Un barco de la P & O2 nos sacó de Marsella. Un serang de lascars,3 con silbato, pañuelo de cabeza y ondeante uniforme azul, trabajaba en la cubierta del equipaje. Alguien la pifió en el cabrestante. El serang lo llamó con un nombre que en sí mismo no era amable pero despertaba recuerdos deliciosos en el oyente.4

—Oh, serang, ¿este hombre es estúpido?

—Lo es, y mucho, sahib. Viene de Surat. Solo viene por la comida.

El serang sonreía; el surti5 sonreía; el cabrestante volvió a funcionar, y las voces que gritaban: «¡Más abajo! ¡Parad!» eran familiares como el olor amistoso de la cocina de los lascars o los chasquidos de pies descalzos en la cubierta. De no haber sido por el paso impertinente de unos pocos años,6 de buena gana hubiese ido sin dudarlo a compartir su arroz.
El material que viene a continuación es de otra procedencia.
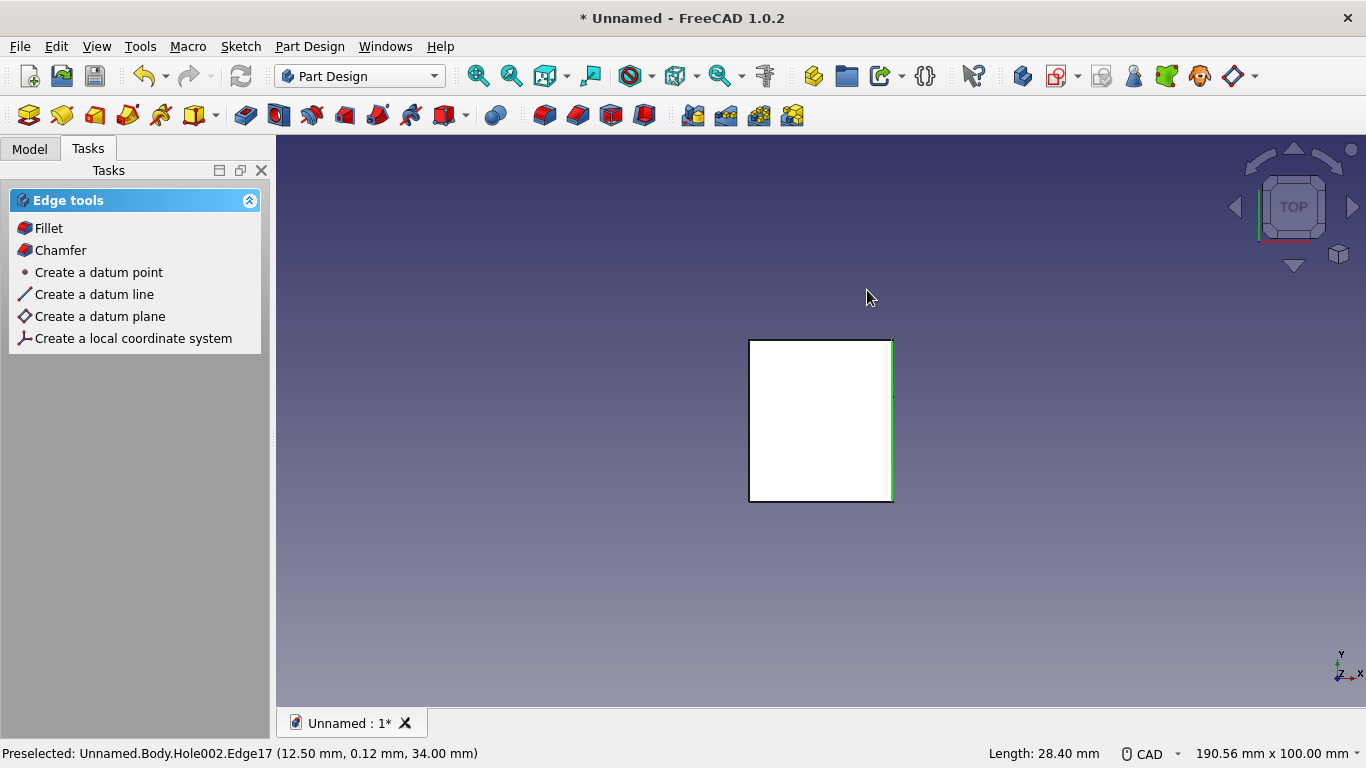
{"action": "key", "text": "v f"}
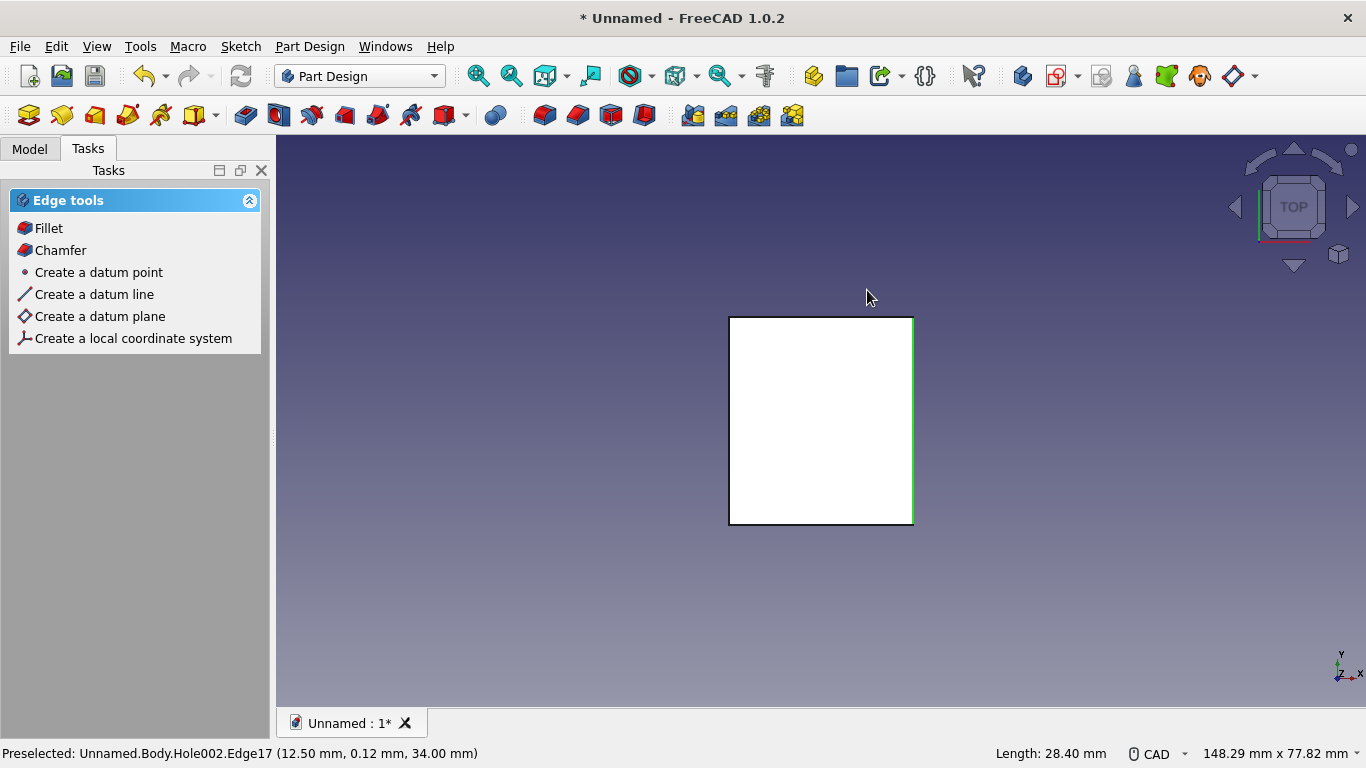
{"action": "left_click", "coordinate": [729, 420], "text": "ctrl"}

Los serangs solían ser muy amables con los niños blancos por debajo de la edad de las castas.7 Lo más familiar de todo era el barco mismo. Había resbalado fuera de mi memoria, y no había nada en las tarifas para recordármelo, que todavía quedaban barcos de hélice única8 en el lucrativo negocio del tráfico de pasajeros.9

Unos pasajeros del Atlántico Norte acostumbrados a los barcos de verdad hicieron el descubrimiento, y estuvieron contentos como si fuesen turistas americanos en Stratford-on-Avon.10

—¡Oh! ¡Venid a ver! —exclamaban—. Tiene una hélice... ¡una sola! ¡Oíd, oíd el ruido que hace! Y, ¿habéis visto el granero viejo que tienen como sala? ¿Y la biblioteca de oficiales? Está abierta durante dos medias horas al día entre semana, y una sola en domingo. Dejas un dólar y cuarto en depósito por cada libro. No nos hubiéramos perdido este viaje por nada del mundo. Es como viajar con Colón.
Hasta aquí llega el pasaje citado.